INPUT DATA Block Start

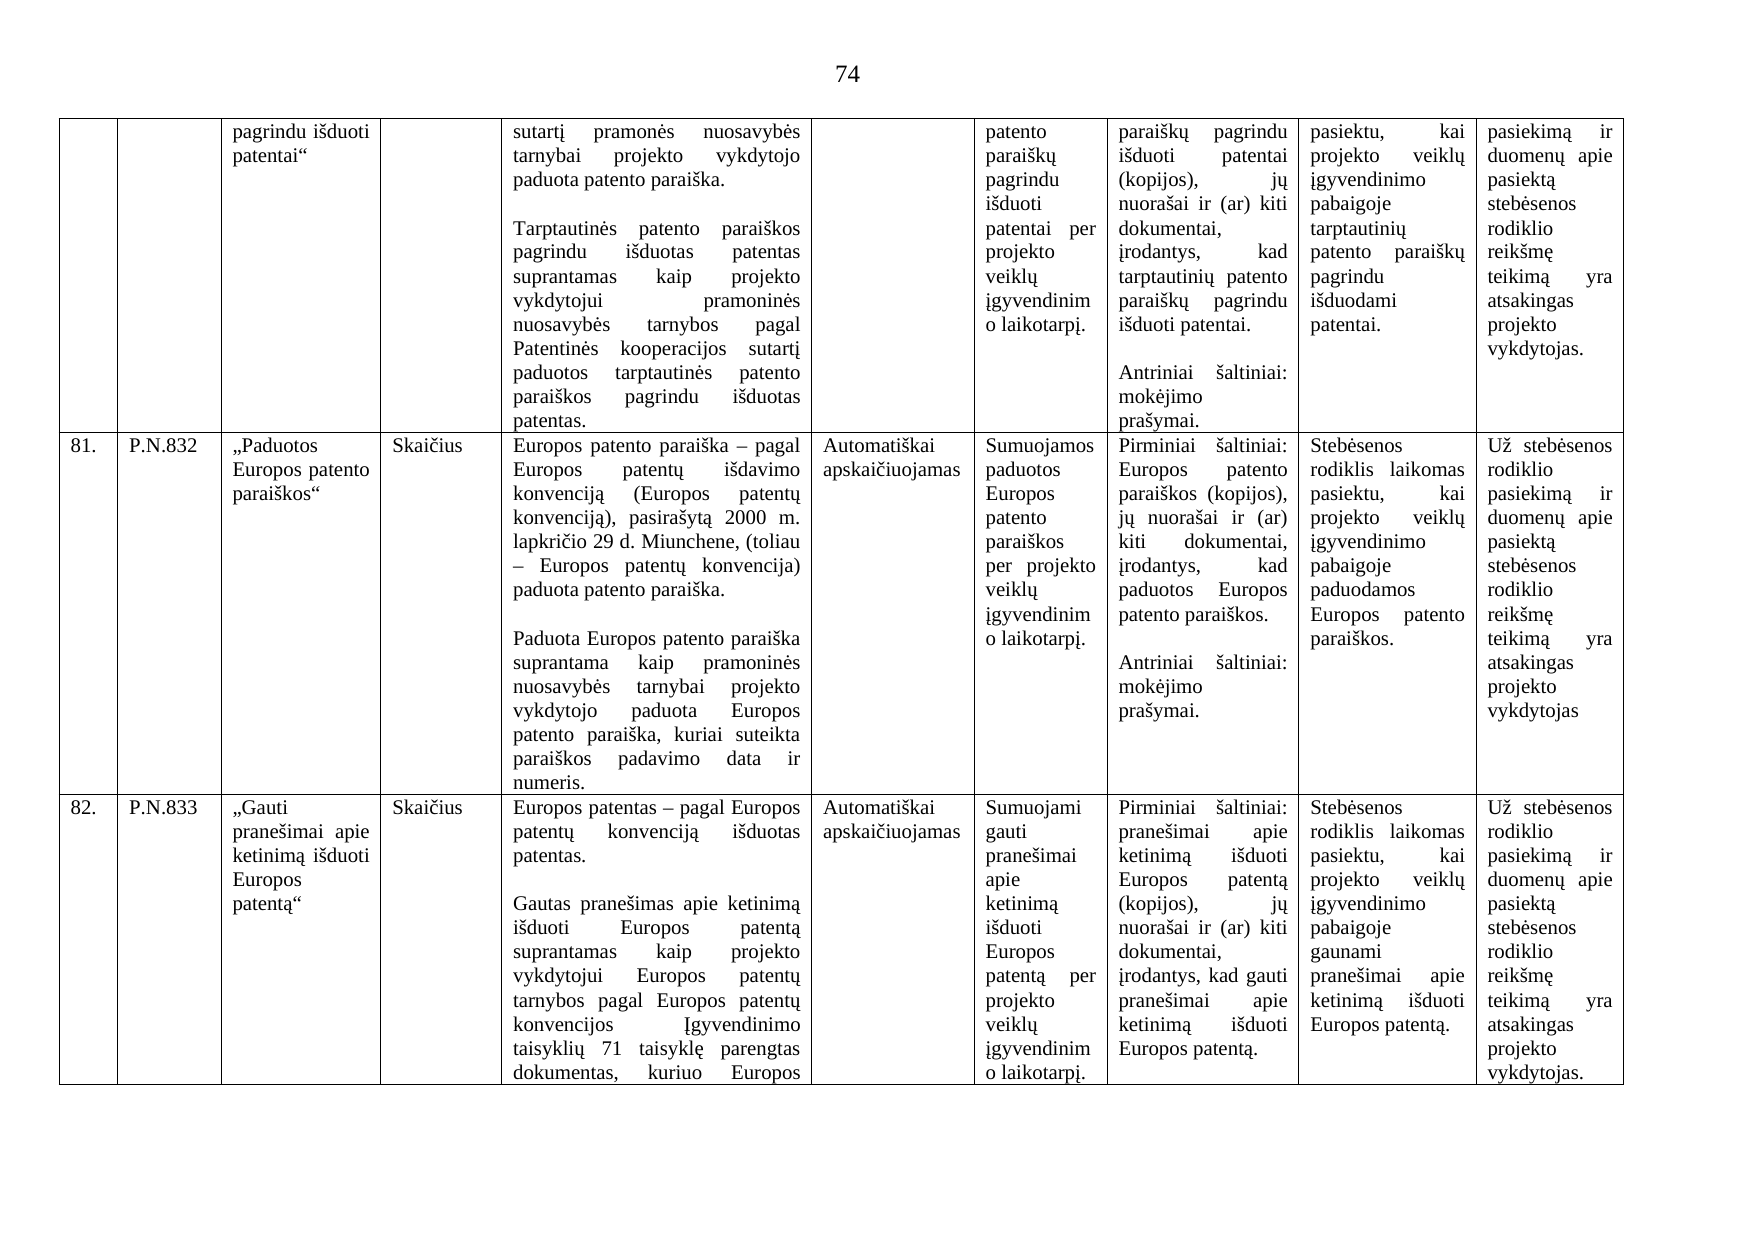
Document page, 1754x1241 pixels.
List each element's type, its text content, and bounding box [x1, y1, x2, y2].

table_cell Automatiškai apskaičiuojamas [812, 433, 974, 794]
table_cell Skaičius [381, 433, 501, 794]
table_cell „Paduotos Europos patento paraiškos“ [222, 433, 380, 794]
table_cell patento paraiškų pagrindu išduoti patentai per projekto veiklų įgyvendinimo laikotarpį. [975, 119, 1107, 432]
table_cell Pirminiai šaltiniai: Europos patento paraiškos (kopijos), jų nuorašai ir (ar) kiti dokumentai, įrodantys, kad paduotos Europos patento paraiškos. Antriniai šaltiniai: mokėjimo prašymai. [1108, 433, 1298, 794]
table_cell pasiektu, kai projekto veiklų įgyvendinimo pabaigoje tarptautinių patento paraiškų pagrindu išduodami patentai. [1299, 119, 1476, 432]
table_cell pagrindu išduoti patentai“ [222, 119, 380, 432]
table_cell „Gauti pranešimai apie ketinimą išduoti Europos patentą“ [222, 795, 380, 1084]
table_cell Sumuojami gauti pranešimai apie ketinimą išduoti Europos patentą per projekto veiklų įgyvendinimo laikotarpį. [975, 795, 1107, 1084]
table_cell [381, 119, 501, 432]
table_cell pasiekimą ir duomenų apie pasiektą stebėsenos rodiklio reikšmę teikimą yra atsakingas projekto vykdytojas. [1477, 119, 1623, 432]
table_cell Stebėsenos rodiklis laikomas pasiektu, kai projekto veiklų įgyvendinimo pabaigoje paduodamos Europos patento paraiškos. [1299, 433, 1476, 794]
table_cell [118, 119, 221, 432]
table_cell Europos patentas – pagal Europos patentų konvenciją išduotas patentas. Gautas pranešimas apie ketinimą išduoti Europos patentą suprantamas kaip projekto vykdytojui Europos patentų tarnybos pagal Europos patentų konvencijos Įgyvendinimo taisyklių 71 taisyklę parengtas dokumentas, kuriuo Europos [502, 795, 811, 1084]
table_cell [812, 119, 974, 432]
table_cell 81. [60, 433, 117, 794]
table_cell Pirminiai šaltiniai: pranešimai apie ketinimą išduoti Europos patentą (kopijos), jų nuorašai ir (ar) kiti dokumentai, įrodantys, kad gauti pranešimai apie ketinimą išduoti Europos patentą. [1108, 795, 1298, 1084]
table_cell Sumuojamos paduotos Europos patento paraiškos per projekto veiklų įgyvendinimo laikotarpį. [975, 433, 1107, 794]
table_cell Skaičius [381, 795, 501, 1084]
table_cell Automatiškai apskaičiuojamas [812, 795, 974, 1084]
table_cell [60, 119, 117, 432]
table_cell Europos patento paraiška – pagal Europos patentų išdavimo konvenciją (Europos patentų konvenciją), pasirašytą 2000 m. lapkričio 29 d. Miunchene, (toliau – Europos patentų konvencija) paduota patento paraiška. Paduota Europos patento paraiška suprantama kaip pramoninės nuosavybės tarnybai projekto vykdytojo paduota Europos patento paraiška, kuriai suteikta paraiškos padavimo data ir numeris. [502, 433, 811, 794]
table_cell sutartį pramonės nuosavybės tarnybai projekto vykdytojo paduota patento paraiška. Tarptautinės patento paraiškos pagrindu išduotas patentas suprantamas kaip projekto vykdytojui pramoninės nuosavybės tarnybos pagal Patentinės kooperacijos sutartį paduotos tarptautinės patento paraiškos pagrindu išduotas patentas. [502, 119, 811, 432]
table_cell Stebėsenos rodiklis laikomas pasiektu, kai projekto veiklų įgyvendinimo pabaigoje gaunami pranešimai apie ketinimą išduoti Europos patentą. [1299, 795, 1476, 1084]
table_cell 82. [60, 795, 117, 1084]
table_cell P.N.833 [118, 795, 221, 1084]
table_cell P.N.832 [118, 433, 221, 794]
table_cell Už stebėsenos rodiklio pasiekimą ir duomenų apie pasiektą stebėsenos rodiklio reikšmę teikimą yra atsakingas projekto vykdytojas [1477, 433, 1623, 794]
table_cell Už stebėsenos rodiklio pasiekimą ir duomenų apie pasiektą stebėsenos rodiklio reikšmę teikimą yra atsakingas projekto vykdytojas. [1477, 795, 1623, 1084]
table_cell paraiškų pagrindu išduoti patentai (kopijos), jų nuorašai ir (ar) kiti dokumentai, įrodantys, kad tarptautinių patento paraiškų pagrindu išduoti patentai. Antriniai šaltiniai: mokėjimo prašymai. [1108, 119, 1298, 432]

INPUT DATA Block End

→ GOAL OF THE EXERCISE: Give the lines again exactly, starting where the entries begin and stopping once the line with "table_cell Pirminiai šaltiniai: Europos" is included; pictures are not copied.

→ FINISHED EXERCISE:
Document page, 1754x1241 pixels.
List each element's type, its text content, and bounding box [x1, y1, x2, y2].

table_cell Automatiškai apskaičiuojamas [812, 433, 974, 794]
table_cell Skaičius [381, 433, 501, 794]
table_cell „Paduotos Europos patento paraiškos“ [222, 433, 380, 794]
table_cell patento paraiškų pagrindu išduoti patentai per projekto veiklų įgyvendinimo laikotarpį. [975, 119, 1107, 432]
table_cell Pirminiai šaltiniai: Europos patento paraiškos (kopijos), jų nuorašai ir (ar) kiti dokumentai, įrodantys, kad paduotos Europos patento paraiškos. Antriniai šaltiniai: mokėjimo prašymai. [1108, 433, 1298, 794]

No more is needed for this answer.